If CPU is an issue then the next question is application CPU bound? Then you could use one of the profilers like mentioned above. Also look for time spent on GC perfmon counter that is another usual suspect?
I'm seeing consistently high CPU usage for my ASP.NET web application (on the live production box only, naturally....!) and I'm trying to narrow down the cause - it's basically maxing out a quad core Xeon box and there's no way it should be able to do that!
The CPU usage of the web process is generally higher than that of the DB process - which rings alarm bells to me on its own (?).
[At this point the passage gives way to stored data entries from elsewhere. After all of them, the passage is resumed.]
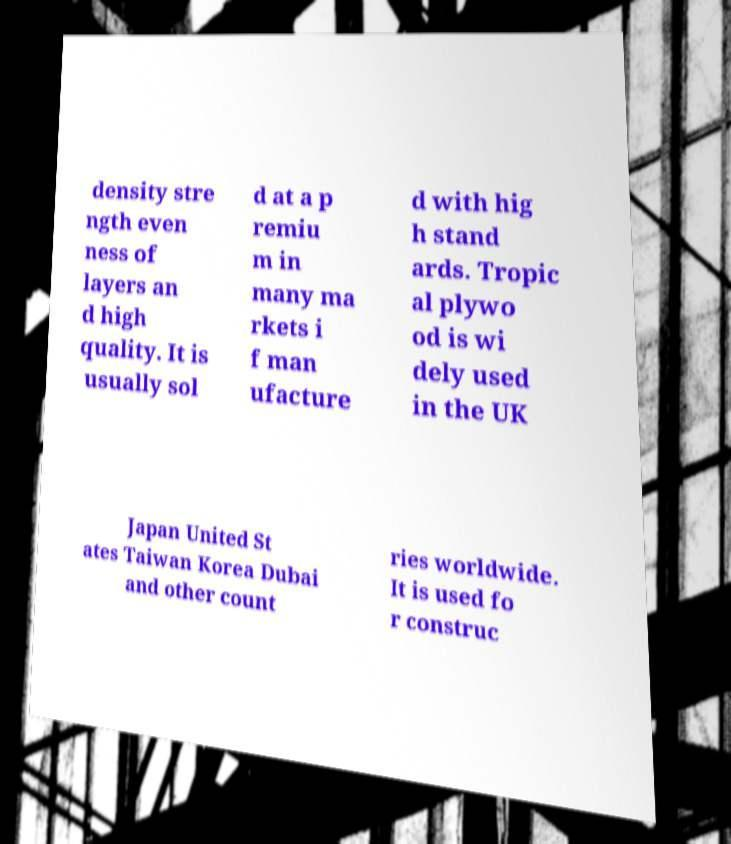Please identify and transcribe the text found in this image. density stre ngth even ness of layers an d high quality. It is usually sol d at a p remiu m in many ma rkets i f man ufacture d with hig h stand ards. Tropic al plywo od is wi dely used in the UK Japan United St ates Taiwan Korea Dubai and other count ries worldwide. It is used fo r construc 
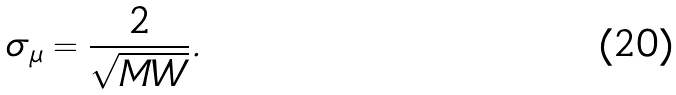<formula> <loc_0><loc_0><loc_500><loc_500>\sigma _ { \mu } = \frac { 2 } { \sqrt { M W } } .</formula> 
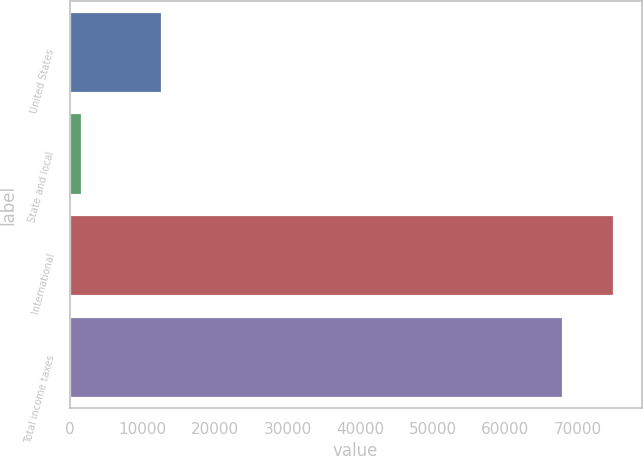Convert chart to OTSL. <chart><loc_0><loc_0><loc_500><loc_500><bar_chart><fcel>United States<fcel>State and local<fcel>International<fcel>Total income taxes<nl><fcel>12760<fcel>1677<fcel>74990.3<fcel>67894<nl></chart>

However, using the standard profiling tools (dotTrace, Red Gate etc) only show you the time spent in individual methods (rather than actual CPU usage) - and ultimately still highlight methods that are DB-bound. While this might indicate opportunities for caching or better indexes, I don't see how that in itself would result in high CPU usage of the web application process?
Any suggestions or tips as to how I can narrow this down?
Thanks!
Some suggestions to try at the first place.
1.Deploy with Release Build
Check whether the deployed product is in release mode. By running in debug mode, lot of time is wasted loading the pdbs along with the assemblies.
2.Disable ViewState
Disable viewstate if its not required. ViewState is nothing but data stored in hidden fields to be persisted between requests. it increases the total payload of the page both when served and when requested. There is also an additional overhead incurred when serializing or deserializing view state data that is posted back to the server. Lastly, view state increases the memory allocations on the server.
3.Disable Session State:
If you are not going to use it disable Session State. By default it’s on. You can actually turn this off for specific pages or for the whole application.
There are some basic ASP.NET application performance monitoring, check these two MSDN articles
"Monitoring ASP.NET Application Performance" and Performance Counters for ASP.NET
Can you set up some unit tests to call various methods and see what their impact is on processor usage? Visual Studio has some testing tools built in if you're using Team System, but even if you're not, you could write a multithreaded tester to call particular functions hundreds of times.
If you'd like some pointers on how to do this, I can help you build some basic unit testing.
are you recording/reporting unhandled exception? If not do so and check if any of them correspond with your high CPD spikes you may have a stack overflow causing the spikes.
http://msdn.microsoft.com/en-us/library/ms998306.aspx
You could also look into recoding the time of each request by using a HttpModule and checking which requests are taking up the most time which may indicate the pages that are causing the issue.
As Pradeepno notes, the place to start with is really performance counters--they can give you a very good idea of what is consuming what part of the CPU.
The web app usage being higher than DB usage isn't entirely suprising. If you have decent db design, most web apps are barely going to cause a decently powered DB server to break a sweat.